PROBLEM STATEMENT
Down to the final line, write out the material beneath exactly, without pictures.

GIVEN DATA
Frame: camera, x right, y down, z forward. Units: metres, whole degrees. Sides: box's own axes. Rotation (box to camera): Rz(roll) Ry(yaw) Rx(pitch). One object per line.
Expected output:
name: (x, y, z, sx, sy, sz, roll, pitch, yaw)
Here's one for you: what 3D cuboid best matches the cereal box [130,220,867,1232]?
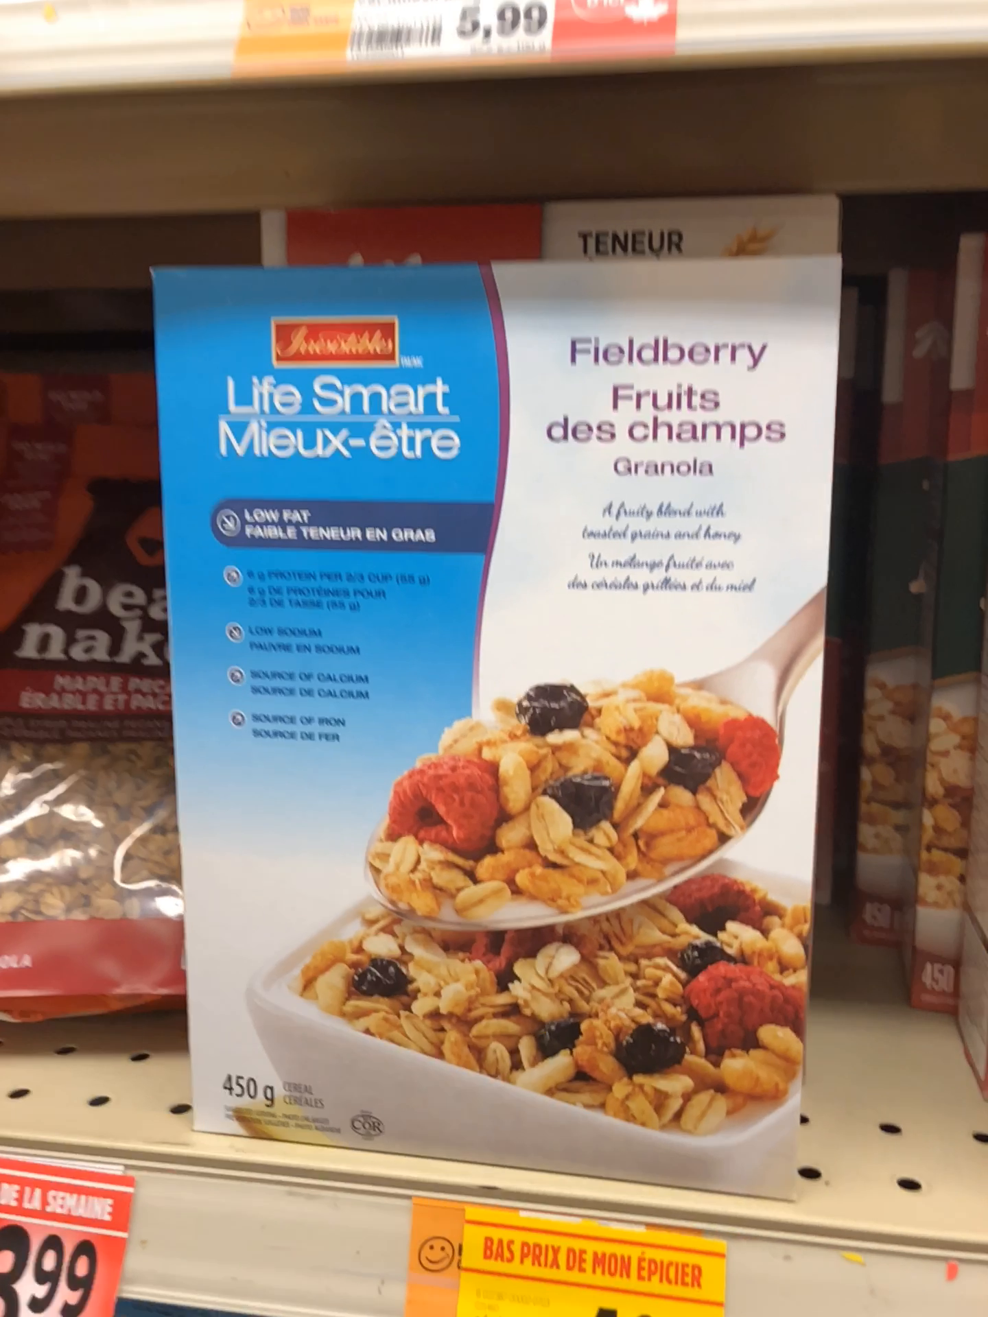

EXERCISE SOLUTION
Frame: camera, x right, y down, z forward. Units: metres, whole degrees. Sides: box's own axes. Rotation (box to camera): Rz(roll) Ry(yaw) Rx(pitch). One object per line.
Expected output:
name: (x, y, z, sx, sy, sz, roll, pitch, yaw)
Here's one for you: what 3D cuboid best matches the cereal box [130,220,867,1232]?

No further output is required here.